In a Hidden Markov Model, a state is not directly visible, but variables influenced by the state are visible. Each state has a probability distribution over the possible output tokens. This model is a finite set of states, each of which is associated with a probability distribution (Demetrescu et al., 2003). Transitions among the states are governed by a set of probabilities called transition probabilities. In a particular state an outcome or observation can be generated, according to the associated probability distribution. The three main problems of HMM include Evaluation Problem, Decoding Problem and Learning Problem (Demetrescu et al., 2003).

**Application of Graphical Probabilistic Models**

**Application to Metabolic Pathway Modeling**

A machine learning system is introduced for gene functions determination from heterogeneous data sources using a Weighted Naive Bayesian network (WNB). The aim is to infer functions of putative genes or Open Reading Frames (ORFs) from existing databases using computational methods. While integrating evidence from multiple and complementary sources significantly improves the prediction accuracy. The experimental results suggest that the stated hypothesis is valid and provide guidelines for using the WNB system for data collection, training and predictions. Furthermore, the combined training data sets consists results from gene expressions, clustering outputs and sequence homology from public databases. It is also used to analyze the contribution of each source of information toward the prediction performance through the weight training process (Deng et al., 2006).

Searching for peptide hormones that signals via membrane receptors is often hampered by their small size, and lack of sequence similarity. A search tool based on the hidden Markov model is developed that uses various peptide hormone sequence features for estimating the likelihood that a protein contains a processed and secreted peptide of this class.

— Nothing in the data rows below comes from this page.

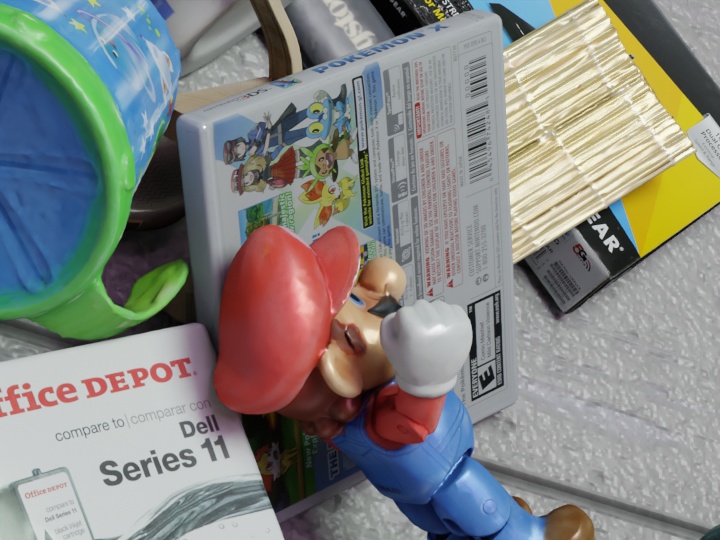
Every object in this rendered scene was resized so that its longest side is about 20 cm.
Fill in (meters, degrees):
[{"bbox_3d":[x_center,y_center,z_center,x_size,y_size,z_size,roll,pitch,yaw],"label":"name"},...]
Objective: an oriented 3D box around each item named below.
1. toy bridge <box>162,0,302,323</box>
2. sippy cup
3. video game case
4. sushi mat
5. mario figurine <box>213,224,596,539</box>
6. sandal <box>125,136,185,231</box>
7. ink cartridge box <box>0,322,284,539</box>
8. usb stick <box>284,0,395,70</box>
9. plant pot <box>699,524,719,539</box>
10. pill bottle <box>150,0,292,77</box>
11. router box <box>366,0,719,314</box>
[{"bbox_3d":[-0.059,-0.072,1.069,0.067,0.027,0.201,-15,120,-35],"label":"toy bridge"},{"bbox_3d":[-0.140,-0.067,0.987,0.139,0.179,0.130,10,28,14],"label":"sippy cup"},{"bbox_3d":[0.000,0.000,1.072,0.182,0.022,0.201,-23,120,-37],"label":"video game case"},{"bbox_3d":[0.060,-0.049,1.161,0.199,0.012,0.096,-31,87,-12],"label":"sushi mat"},{"bbox_3d":[0.024,0.049,1.008,0.200,0.123,0.106,47,34,-22],"label":"mario figurine"},{"bbox_3d":[-0.146,-0.104,1.091,0.082,0.055,0.201,-29,84,-38],"label":"sandal"},{"bbox_3d":[-0.107,0.135,0.976,0.146,0.083,0.201,-12,72,-35],"label":"ink cartridge box"},{"bbox_3d":[-0.003,-0.104,1.188,0.055,0.033,0.201,-34,85,-19],"label":"usb stick"},{"bbox_3d":[0.262,0.187,1.117,0.195,0.200,0.201,0,66,-22],"label":"plant pot"},{"bbox_3d":[-0.113,-0.201,1.123,0.114,0.114,0.200,-34,86,-38],"label":"pill bottle"},{"bbox_3d":[0.105,-0.097,1.240,0.149,0.051,0.200,-33,84,-38],"label":"router box"}]

Analysis of the top scoring hypothetical and poorly annotated human proteins identifies two candidate peptide hormones. Their analysis shows that both are localized to secretory granules in a transfected pancreatic cell line. The findings demonstrate the utility of a **bioinformatics** approach to identify novel biologically active peptides (Mirabeau et al., 2007).

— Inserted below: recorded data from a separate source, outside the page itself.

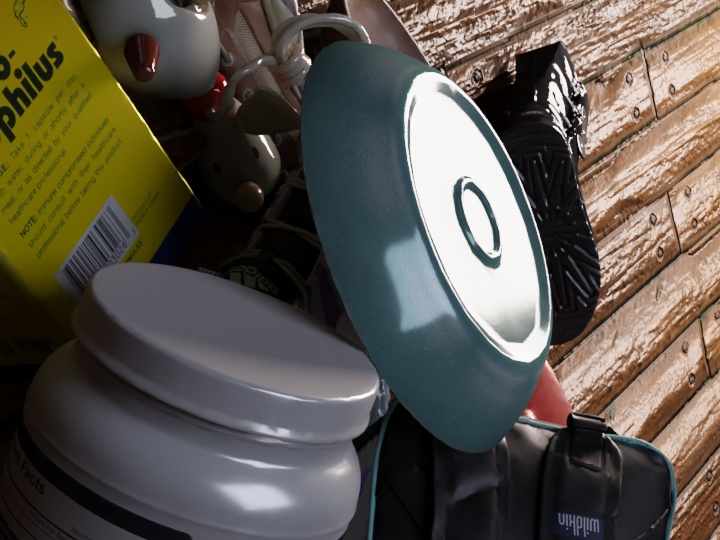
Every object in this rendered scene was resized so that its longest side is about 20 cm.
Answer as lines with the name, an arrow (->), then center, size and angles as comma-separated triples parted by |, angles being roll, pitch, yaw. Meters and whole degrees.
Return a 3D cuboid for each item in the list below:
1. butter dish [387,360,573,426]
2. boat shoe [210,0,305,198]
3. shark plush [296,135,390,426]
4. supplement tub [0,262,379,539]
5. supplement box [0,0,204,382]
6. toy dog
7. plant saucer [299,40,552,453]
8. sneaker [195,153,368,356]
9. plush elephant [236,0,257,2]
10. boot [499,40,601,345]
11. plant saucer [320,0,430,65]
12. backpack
butter dish -> 0.048, 0.177, 0.953 | 0.198, 0.148, 0.201 | -23, 86, -23
boat shoe -> -0.061, -0.091, 0.898 | 0.071, 0.076, 0.201 | -26, 113, -17
shark plush -> 0.000, 0.000, 0.848 | 0.090, 0.083, 0.202 | 13, 95, -10
supplement tub -> -0.083, 0.113, 0.640 | 0.140, 0.140, 0.201 | 2, 114, -54
supplement box -> -0.178, -0.057, 0.686 | 0.201, 0.108, 0.110 | 58, 45, -34
toy dog -> -0.082, -0.087, 0.766 | 0.200, 0.132, 0.097 | 31, 32, -43
plant saucer -> 0.041, -0.018, 0.723 | 0.200, 0.036, 0.201 | 44, 35, -42
sneaker -> -0.035, -0.002, 0.740 | 0.140, 0.077, 0.202 | 16, 85, -61
plush elephant -> -0.105, -0.263, 0.795 | 0.155, 0.163, 0.201 | -104, -155, -56
boot -> 0.137, -0.061, 1.135 | 0.200, 0.065, 0.166 | -76, 161, -67
plant saucer -> 0.029, -0.090, 0.985 | 0.201, 0.034, 0.201 | 53, 18, -26
backpack -> 0.057, 0.180, 0.790 | 0.175, 0.153, 0.201 | 16, 58, -17
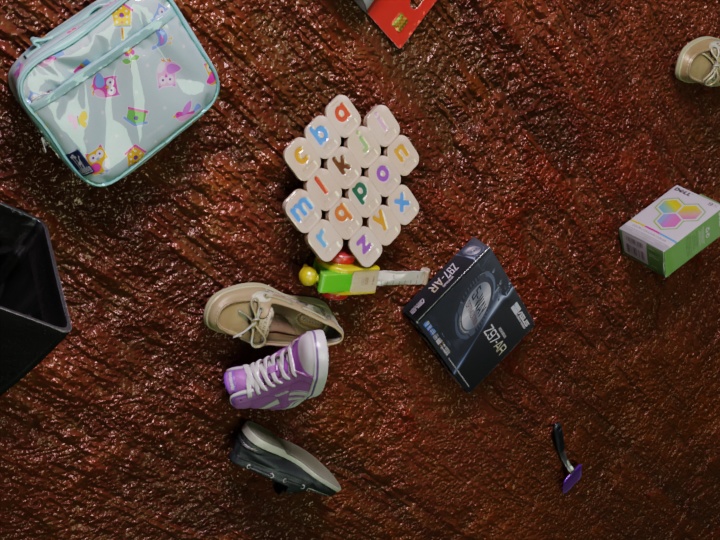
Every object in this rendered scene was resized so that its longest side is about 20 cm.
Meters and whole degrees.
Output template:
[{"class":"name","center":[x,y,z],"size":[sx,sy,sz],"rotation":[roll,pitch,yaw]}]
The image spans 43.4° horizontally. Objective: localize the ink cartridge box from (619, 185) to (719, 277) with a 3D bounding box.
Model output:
[{"class":"ink cartridge box","center":[0.549,-0.083,1.543],"size":[0.198,0.104,0.060],"rotation":[-33,129,-15]}]

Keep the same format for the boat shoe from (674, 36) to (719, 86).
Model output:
[{"class":"boat shoe","center":[0.593,-0.335,1.470],"size":[0.197,0.063,0.075],"rotation":[-5,116,-32]}]

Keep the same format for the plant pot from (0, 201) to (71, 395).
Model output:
[{"class":"plant pot","center":[-0.427,0.036,0.889],"size":[0.198,0.201,0.179],"rotation":[26,109,-40]}]

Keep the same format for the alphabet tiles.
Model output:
[{"class":"alphabet tiles","center":[-0.010,-0.113,1.169],"size":[0.200,0.015,0.197],"rotation":[-47,117,-17]}]

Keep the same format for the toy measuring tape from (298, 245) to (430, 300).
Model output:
[{"class":"toy measuring tape","center":[0.000,0.000,1.233],"size":[0.196,0.073,0.075],"rotation":[-3,115,-32]}]

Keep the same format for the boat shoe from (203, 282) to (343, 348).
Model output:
[{"class":"boat shoe","center":[-0.111,0.064,1.194],"size":[0.197,0.063,0.075],"rotation":[4,112,-35]}]

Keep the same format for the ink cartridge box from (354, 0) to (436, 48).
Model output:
[{"class":"ink cartridge box","center":[0.046,-0.386,1.081],"size":[0.199,0.050,0.163],"rotation":[38,90,-37]}]

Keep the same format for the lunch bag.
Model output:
[{"class":"lunch bag","center":[-0.259,-0.197,0.949],"size":[0.199,0.077,0.162],"rotation":[-39,129,-11]}]

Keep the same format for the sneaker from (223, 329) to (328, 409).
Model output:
[{"class":"sneaker","center":[-0.115,0.138,1.172],"size":[0.112,0.074,0.201],"rotation":[1,151,-25]}]

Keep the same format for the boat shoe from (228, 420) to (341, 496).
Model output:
[{"class":"boat shoe","center":[-0.110,0.289,1.303],"size":[0.066,0.074,0.199],"rotation":[-50,130,2]}]

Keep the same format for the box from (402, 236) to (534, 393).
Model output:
[{"class":"box","center":[0.172,0.073,1.404],"size":[0.160,0.043,0.201],"rotation":[-43,130,-8]}]

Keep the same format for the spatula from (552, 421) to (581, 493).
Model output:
[{"class":"spatula","center":[0.386,0.353,1.708],"size":[0.056,0.020,0.202],"rotation":[-39,128,-19]}]
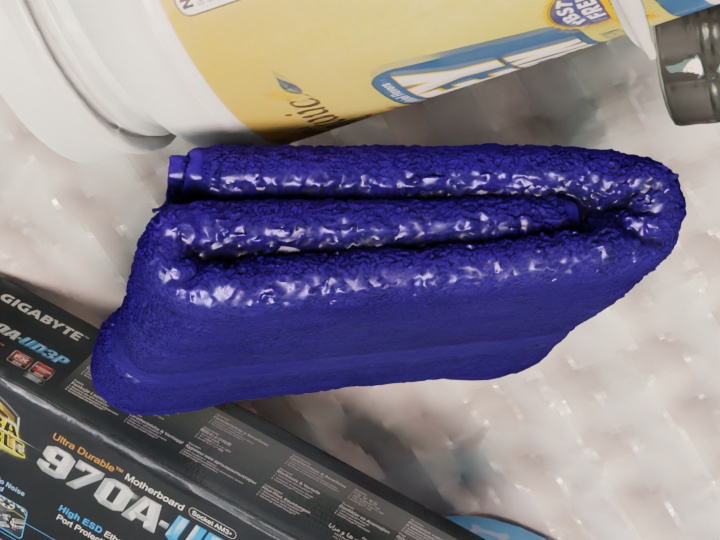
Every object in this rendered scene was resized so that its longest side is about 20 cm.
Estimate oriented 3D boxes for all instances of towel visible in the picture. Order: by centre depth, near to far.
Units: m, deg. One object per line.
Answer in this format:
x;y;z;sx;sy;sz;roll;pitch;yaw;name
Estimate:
0.000;0.000;0.805;0.147;0.050;0.200;-6;171;-10;towel

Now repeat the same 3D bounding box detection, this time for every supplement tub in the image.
0.000;-0.115;0.737;0.199;0.145;0.145;-17;122;19;supplement tub

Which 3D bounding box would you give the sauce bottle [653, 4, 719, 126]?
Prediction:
0.179;-0.072;0.749;0.199;0.066;0.066;-7;125;16;sauce bottle

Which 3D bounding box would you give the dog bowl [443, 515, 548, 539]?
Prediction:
0.073;0.152;0.979;0.199;0.050;0.112;25;125;-10;dog bowl

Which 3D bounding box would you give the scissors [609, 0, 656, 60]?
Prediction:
0.034;-0.139;0.627;0.073;0.014;0.200;-31;107;23;scissors

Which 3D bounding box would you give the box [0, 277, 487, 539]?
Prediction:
-0.064;0.114;0.931;0.199;0.046;0.159;27;128;14;box

Multivariate methods are used for the analysis of molecular data including genotypic data and clinical phenotypes. These methods include latent variable models and joint multivariate modeling techniques. Thus, given the wide variety in the data considered, the objectives of the analysis and the methods applied, direct comparison of the results are discussed (Beyene et al., 2007).

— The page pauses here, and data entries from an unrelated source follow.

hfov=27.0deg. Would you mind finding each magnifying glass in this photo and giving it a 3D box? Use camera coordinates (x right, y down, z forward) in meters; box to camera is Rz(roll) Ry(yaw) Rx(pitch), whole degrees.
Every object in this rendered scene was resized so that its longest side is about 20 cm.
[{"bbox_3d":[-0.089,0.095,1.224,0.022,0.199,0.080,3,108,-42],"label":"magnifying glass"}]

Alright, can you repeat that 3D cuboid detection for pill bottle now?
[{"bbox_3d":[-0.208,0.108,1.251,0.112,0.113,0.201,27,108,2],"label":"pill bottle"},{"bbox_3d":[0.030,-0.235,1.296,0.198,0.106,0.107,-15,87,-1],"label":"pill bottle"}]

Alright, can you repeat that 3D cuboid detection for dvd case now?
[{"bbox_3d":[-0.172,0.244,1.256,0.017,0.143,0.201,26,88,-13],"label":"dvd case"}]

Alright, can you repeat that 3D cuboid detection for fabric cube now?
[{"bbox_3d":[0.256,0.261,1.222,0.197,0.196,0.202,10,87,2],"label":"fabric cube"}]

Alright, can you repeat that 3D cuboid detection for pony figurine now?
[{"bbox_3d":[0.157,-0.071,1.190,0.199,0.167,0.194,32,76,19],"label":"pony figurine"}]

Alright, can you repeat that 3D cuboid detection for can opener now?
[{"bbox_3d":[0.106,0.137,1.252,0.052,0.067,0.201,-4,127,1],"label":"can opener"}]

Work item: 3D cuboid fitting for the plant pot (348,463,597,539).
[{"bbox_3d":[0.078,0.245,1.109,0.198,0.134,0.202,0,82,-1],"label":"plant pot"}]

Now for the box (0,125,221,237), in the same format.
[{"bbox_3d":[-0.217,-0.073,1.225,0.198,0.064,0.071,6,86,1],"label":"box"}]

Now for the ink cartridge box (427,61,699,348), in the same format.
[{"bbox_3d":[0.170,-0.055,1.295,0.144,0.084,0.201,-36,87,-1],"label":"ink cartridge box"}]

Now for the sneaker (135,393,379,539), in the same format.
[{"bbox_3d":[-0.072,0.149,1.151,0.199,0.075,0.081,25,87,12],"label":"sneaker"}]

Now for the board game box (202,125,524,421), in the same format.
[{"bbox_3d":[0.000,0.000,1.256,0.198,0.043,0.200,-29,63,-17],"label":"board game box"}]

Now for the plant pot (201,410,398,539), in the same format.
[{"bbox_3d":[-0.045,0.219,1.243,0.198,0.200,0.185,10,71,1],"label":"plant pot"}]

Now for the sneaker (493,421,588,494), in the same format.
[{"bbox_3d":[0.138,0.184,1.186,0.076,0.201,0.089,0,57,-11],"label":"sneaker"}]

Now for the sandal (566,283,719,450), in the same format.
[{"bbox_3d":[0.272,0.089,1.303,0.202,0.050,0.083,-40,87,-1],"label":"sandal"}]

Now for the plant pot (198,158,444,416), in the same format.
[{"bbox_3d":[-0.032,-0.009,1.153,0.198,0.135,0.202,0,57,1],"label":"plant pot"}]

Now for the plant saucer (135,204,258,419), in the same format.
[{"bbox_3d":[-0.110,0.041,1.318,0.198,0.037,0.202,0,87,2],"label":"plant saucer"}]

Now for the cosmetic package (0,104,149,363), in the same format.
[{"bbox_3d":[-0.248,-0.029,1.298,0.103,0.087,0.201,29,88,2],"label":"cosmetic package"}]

Major stem cell species are studied using a co-clustering latent variable model (LVM). It helps to explain cell type-specific transcription factors, using expression profiles. The LVM-based study also helps to analyze regulatory modules for each stem cell cluster. Furthermore, the identities of the stem cell clusters are revealed by the constituent genes that are directly targeted by the modules (Joung et al., 2007).

** Application to Signal Transduction Modeling**

A primer on the use of Bayesian networks is introduced for analyzing the connectivity of signaling networks. Bayesian networks are used to derive causal influences among biological signaling molecules. An automatically derive a Bayesian network model is introduced from proteomic data and to interpret the resulting model (Pe’er, 2005).

Stochastic biochemical systems are used for modeling transcriptional regulation in single cells. Transcriptional regulation is easily modeled using a hidden Markov model (HMM). It is used to mathematically and computationally study transcriptional regulation in single cells. Furthermore, analysis by Monte Carlo simulation is computationally laborious. Several simulations are employed based on a transcriptional regulatory system for showing the relative merits and limitations of various approximation techniques (Goutsias, 2006).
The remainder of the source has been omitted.